WHAT NEEDS TO BE DONE.
Read through the records below and copy each line that uses the word "Komisijos".
----
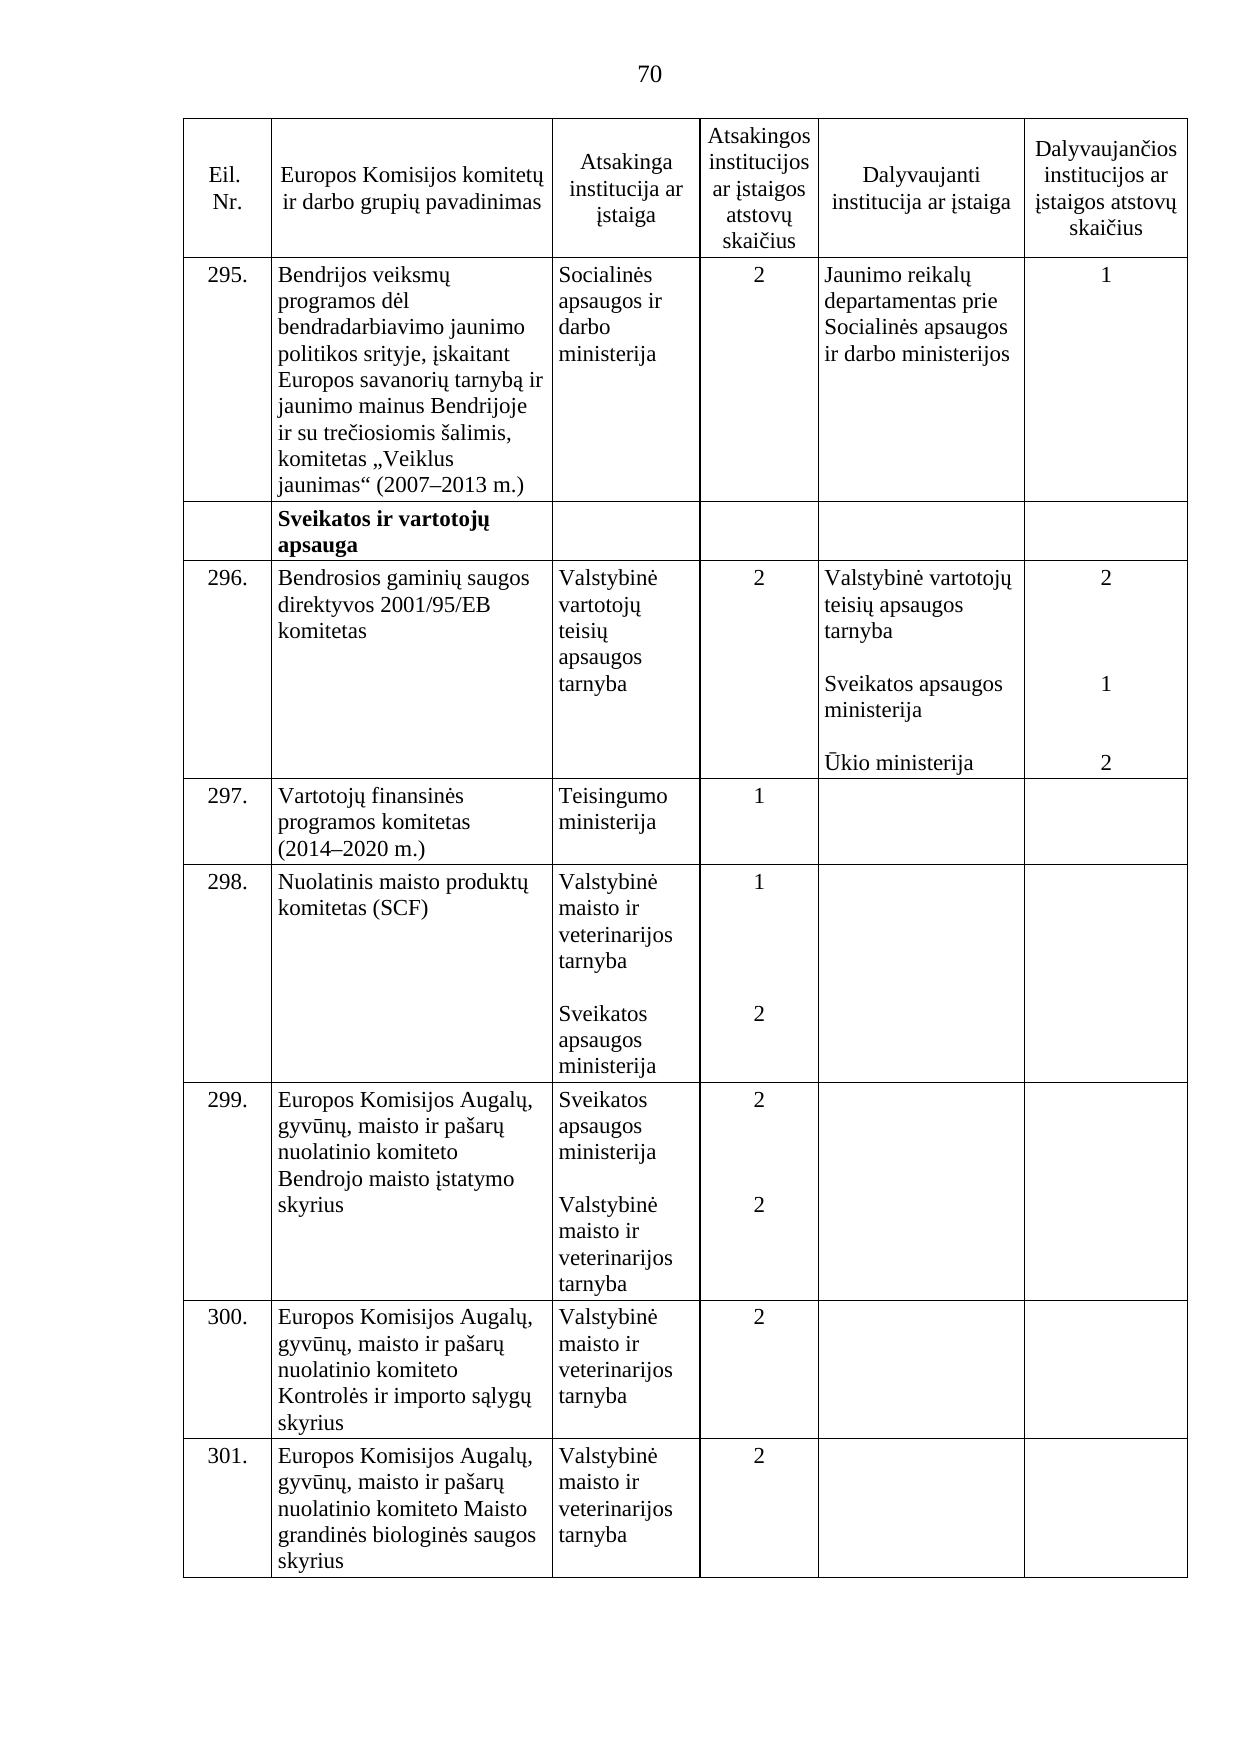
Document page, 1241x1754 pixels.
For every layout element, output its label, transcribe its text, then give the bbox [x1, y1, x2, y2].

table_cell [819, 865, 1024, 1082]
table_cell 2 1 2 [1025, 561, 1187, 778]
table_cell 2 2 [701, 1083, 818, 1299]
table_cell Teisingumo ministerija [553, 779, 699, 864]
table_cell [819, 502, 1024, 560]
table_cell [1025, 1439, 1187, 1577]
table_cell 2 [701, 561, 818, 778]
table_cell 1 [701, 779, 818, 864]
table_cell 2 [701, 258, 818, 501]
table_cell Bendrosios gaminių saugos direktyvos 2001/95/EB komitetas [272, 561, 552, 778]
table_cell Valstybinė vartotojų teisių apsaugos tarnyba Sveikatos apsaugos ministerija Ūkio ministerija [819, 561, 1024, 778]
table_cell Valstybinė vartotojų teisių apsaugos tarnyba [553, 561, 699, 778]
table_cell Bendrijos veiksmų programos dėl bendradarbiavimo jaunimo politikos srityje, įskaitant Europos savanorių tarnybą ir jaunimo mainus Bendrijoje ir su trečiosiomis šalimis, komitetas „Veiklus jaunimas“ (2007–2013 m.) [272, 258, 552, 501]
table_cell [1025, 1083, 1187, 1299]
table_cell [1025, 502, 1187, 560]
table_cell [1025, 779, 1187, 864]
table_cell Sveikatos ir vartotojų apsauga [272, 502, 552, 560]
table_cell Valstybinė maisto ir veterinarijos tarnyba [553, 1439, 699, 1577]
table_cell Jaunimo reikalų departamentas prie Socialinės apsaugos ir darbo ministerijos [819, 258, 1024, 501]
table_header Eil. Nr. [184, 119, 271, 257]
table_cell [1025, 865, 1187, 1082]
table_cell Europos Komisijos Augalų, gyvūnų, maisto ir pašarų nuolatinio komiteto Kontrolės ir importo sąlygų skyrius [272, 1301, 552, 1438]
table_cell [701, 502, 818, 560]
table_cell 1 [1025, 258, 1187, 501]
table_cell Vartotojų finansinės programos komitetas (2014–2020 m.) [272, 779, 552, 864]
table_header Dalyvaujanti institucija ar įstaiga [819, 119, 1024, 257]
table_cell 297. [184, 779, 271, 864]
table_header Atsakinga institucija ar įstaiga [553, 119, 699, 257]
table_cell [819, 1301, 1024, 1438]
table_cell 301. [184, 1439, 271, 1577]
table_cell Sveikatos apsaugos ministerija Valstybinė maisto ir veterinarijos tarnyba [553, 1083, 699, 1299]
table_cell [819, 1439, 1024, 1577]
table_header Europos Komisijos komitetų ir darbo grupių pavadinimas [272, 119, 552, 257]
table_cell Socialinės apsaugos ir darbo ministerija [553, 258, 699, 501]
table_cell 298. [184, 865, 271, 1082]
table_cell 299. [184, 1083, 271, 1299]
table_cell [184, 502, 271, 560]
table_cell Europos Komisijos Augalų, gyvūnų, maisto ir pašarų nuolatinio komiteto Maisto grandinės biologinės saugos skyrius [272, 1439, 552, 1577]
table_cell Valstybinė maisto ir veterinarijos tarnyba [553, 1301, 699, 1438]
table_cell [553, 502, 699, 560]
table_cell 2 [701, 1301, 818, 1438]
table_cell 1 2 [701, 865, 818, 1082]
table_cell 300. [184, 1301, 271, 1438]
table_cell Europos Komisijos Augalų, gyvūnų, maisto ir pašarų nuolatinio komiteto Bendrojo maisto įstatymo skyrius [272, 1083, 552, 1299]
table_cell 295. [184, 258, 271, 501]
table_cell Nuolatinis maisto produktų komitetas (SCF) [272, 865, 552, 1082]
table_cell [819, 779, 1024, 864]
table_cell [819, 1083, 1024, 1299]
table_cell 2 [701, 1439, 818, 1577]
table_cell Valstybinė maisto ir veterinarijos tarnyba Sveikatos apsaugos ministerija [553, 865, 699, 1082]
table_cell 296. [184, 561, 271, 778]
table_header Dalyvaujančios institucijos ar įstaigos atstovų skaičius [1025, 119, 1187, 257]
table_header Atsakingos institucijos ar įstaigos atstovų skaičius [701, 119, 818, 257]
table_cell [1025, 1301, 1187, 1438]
----
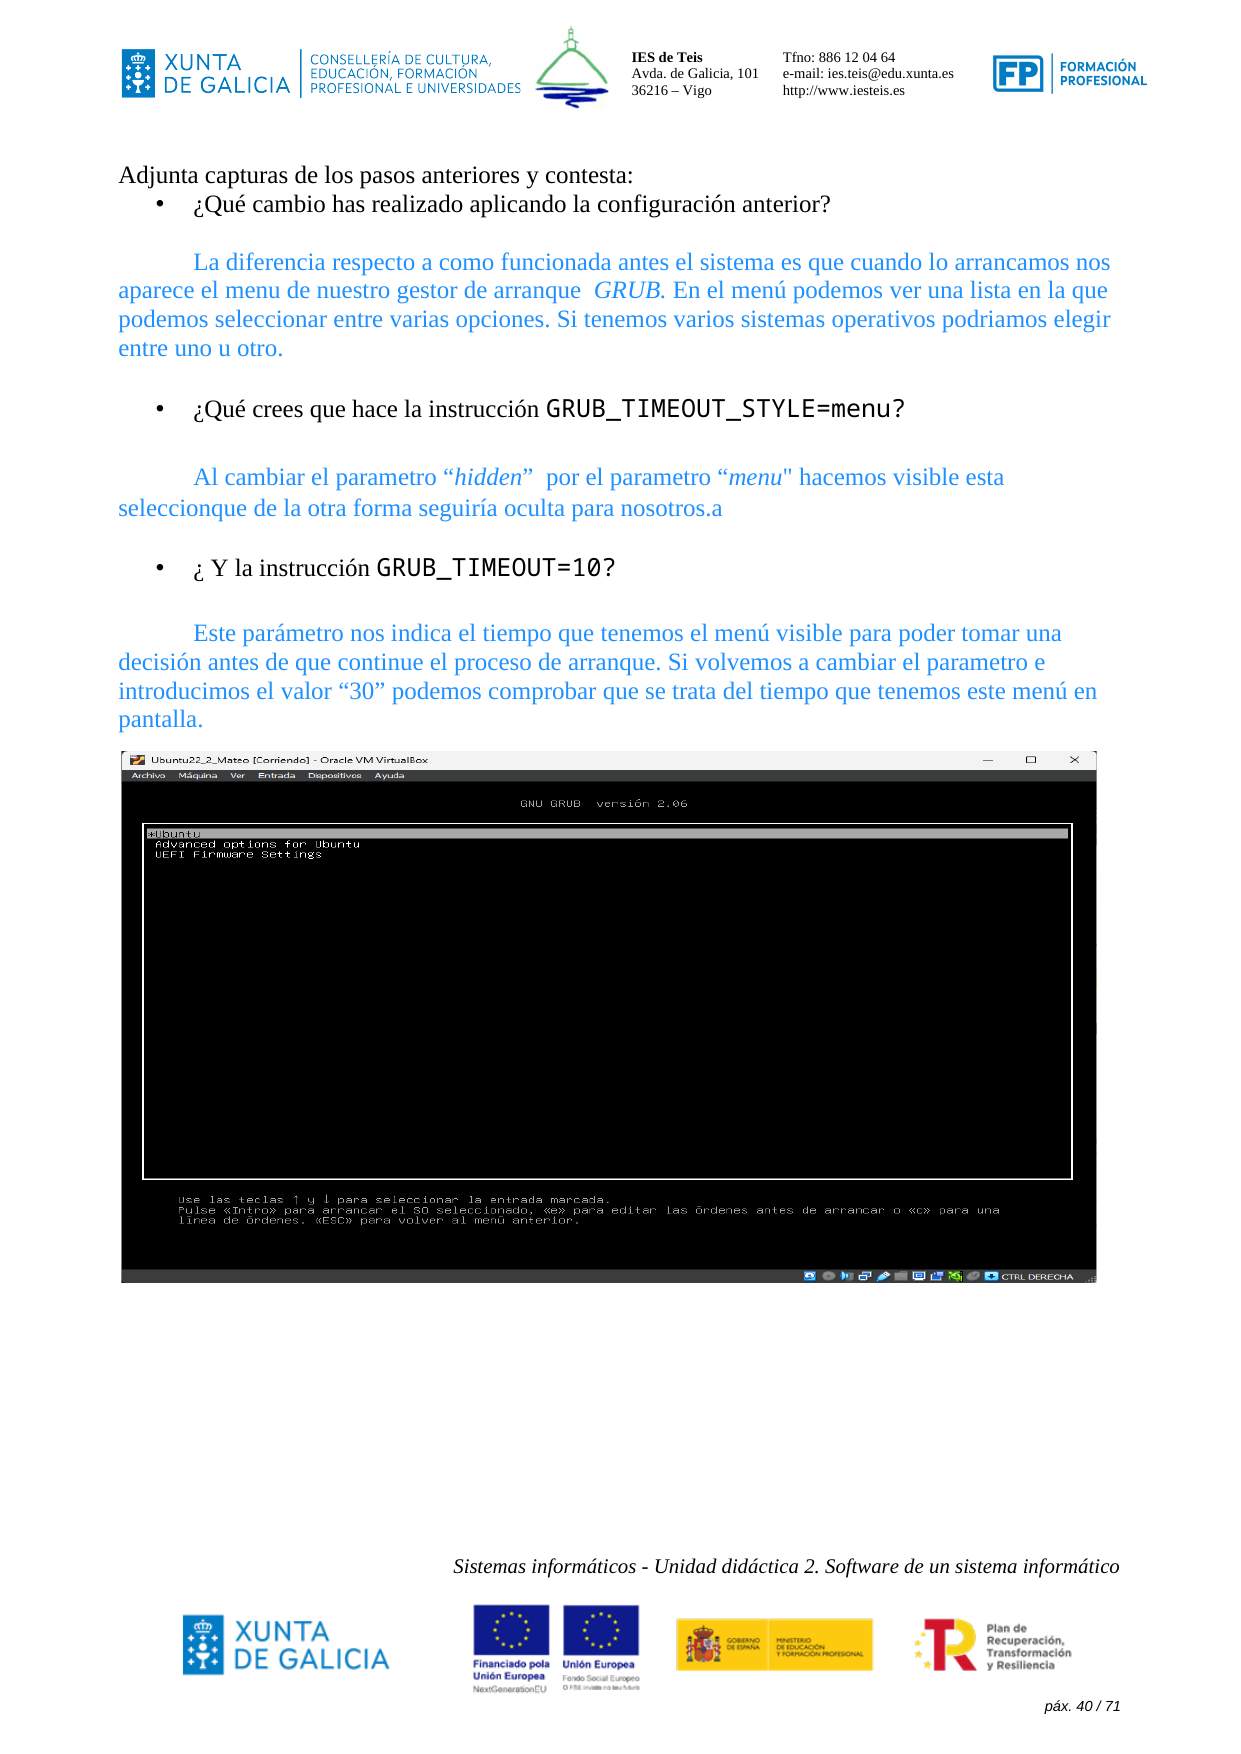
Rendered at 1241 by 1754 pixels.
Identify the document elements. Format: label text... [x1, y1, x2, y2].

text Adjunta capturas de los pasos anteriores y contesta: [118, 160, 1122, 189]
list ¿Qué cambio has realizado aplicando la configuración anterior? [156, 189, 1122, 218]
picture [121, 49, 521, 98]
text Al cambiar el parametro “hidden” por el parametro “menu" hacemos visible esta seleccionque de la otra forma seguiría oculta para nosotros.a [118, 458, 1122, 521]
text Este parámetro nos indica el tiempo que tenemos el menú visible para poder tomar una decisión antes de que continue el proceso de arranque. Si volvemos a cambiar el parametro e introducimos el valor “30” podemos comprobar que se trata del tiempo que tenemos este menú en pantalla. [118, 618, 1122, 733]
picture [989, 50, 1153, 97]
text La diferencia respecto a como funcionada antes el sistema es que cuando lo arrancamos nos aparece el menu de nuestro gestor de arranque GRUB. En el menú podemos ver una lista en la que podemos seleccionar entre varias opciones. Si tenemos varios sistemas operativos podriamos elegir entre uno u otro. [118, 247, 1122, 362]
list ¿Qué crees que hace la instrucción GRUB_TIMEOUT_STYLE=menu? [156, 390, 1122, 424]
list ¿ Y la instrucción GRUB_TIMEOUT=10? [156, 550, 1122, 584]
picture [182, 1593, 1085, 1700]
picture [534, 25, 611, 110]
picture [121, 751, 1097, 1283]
----
PROBLEM SOLUTION.
table_cell Europos Komisijos Augalų, gyvūnų, maisto ir pašarų nuolatinio komiteto Kontrolės ir importo sąlygų skyrius [272, 1301, 552, 1438]
table_header Europos Komisijos komitetų ir darbo grupių pavadinimas [272, 119, 552, 257]
table_cell Europos Komisijos Augalų, gyvūnų, maisto ir pašarų nuolatinio komiteto Maisto grandinės biologinės saugos skyrius [272, 1439, 552, 1577]
table_cell Europos Komisijos Augalų, gyvūnų, maisto ir pašarų nuolatinio komiteto Bendrojo maisto įstatymo skyrius [272, 1083, 552, 1299]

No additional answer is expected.